It has emerged this week that the University of London’s Institute of Education (IOE) and the University of Birmingham have signed up to be the first institutions to set up university training schools. Department for Education officials have invited other universities to run their own primaries and secondaries.

The schools will be modelled on similar university-run schools in Finland and the US. Ministers first announced that they wanted to adopt the idea in England in the 2010 Schools White Paper, and said at the time that universities were already interested in becoming involved.

Despite this, the final details of the policy have yet to be agreed, and the University of Birmingham and the IOE have had to apply to run a “free school” rather than a new kind of institution.

At the proposed University of Birmingham Training School - a secondary with a sixth form - academics will, among other things, trial research on school improvement. The school will be located near to the university campus and pupils may be admitted on a “nodal” basis, drawn from various areas of the city.

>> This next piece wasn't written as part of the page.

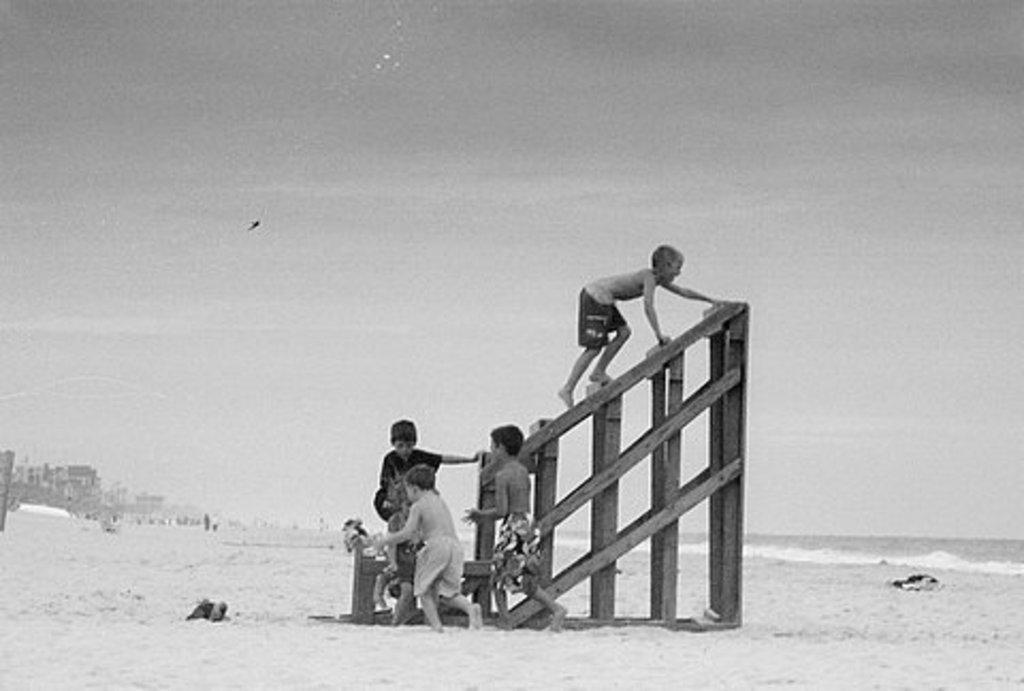How would you summarize this image in a sentence or two? In this image in the center there are persons playing, there is a wooden stand. In the background there are buildings and there is water and there is a bird flying in the sky. In the center there are objects on the ground and at the top we can see sky.

The IOE’s application has been made in partnership with a group of parents who have been campaigning for a new secondary school to be established in south Camden, North London, to meet local demand for places and to provide a hub for the community.

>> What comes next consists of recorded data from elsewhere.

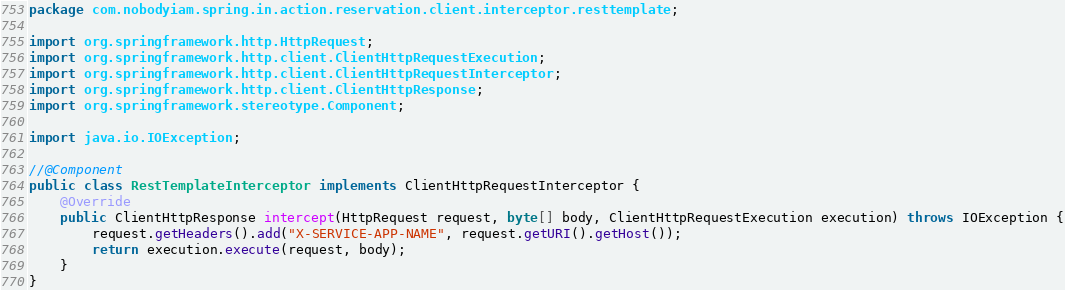Convert code to text. <code><loc_0><loc_0><loc_500><loc_500><_Java_>package com.nobodyiam.spring.in.action.reservation.client.interceptor.resttemplate;

import org.springframework.http.HttpRequest;
import org.springframework.http.client.ClientHttpRequestExecution;
import org.springframework.http.client.ClientHttpRequestInterceptor;
import org.springframework.http.client.ClientHttpResponse;
import org.springframework.stereotype.Component;

import java.io.IOException;

//@Component
public class RestTemplateInterceptor implements ClientHttpRequestInterceptor {
    @Override
    public ClientHttpResponse intercept(HttpRequest request, byte[] body, ClientHttpRequestExecution execution) throws IOException {
        request.getHeaders().add("X-SERVICE-APP-NAME", request.getURI().getHost());
        return execution.execute(request, body);
    }
}
</code>

“We want the universities to start to open university training schools along the lines of the Finnish model,” schools minister Nick Gibb told members of the Education Select Committee earlier this month. “So they will run their own school, which will be used then to enable not only trainees to have first-class training in connection with that university but also the other way round.

“The university will then be able to use the school as a way to monitor the effectiveness of the approach it is taking to pedagogy and so on, and how teachers teach.”

One aim of the University of Birmingham Training School is to widen participation in higher education, and the emphasis will be on preparing pupils for entrance to selective universities. Up to 150 children will be admitted each year, and 400 teenagers will eventually be admitted to the sixth form.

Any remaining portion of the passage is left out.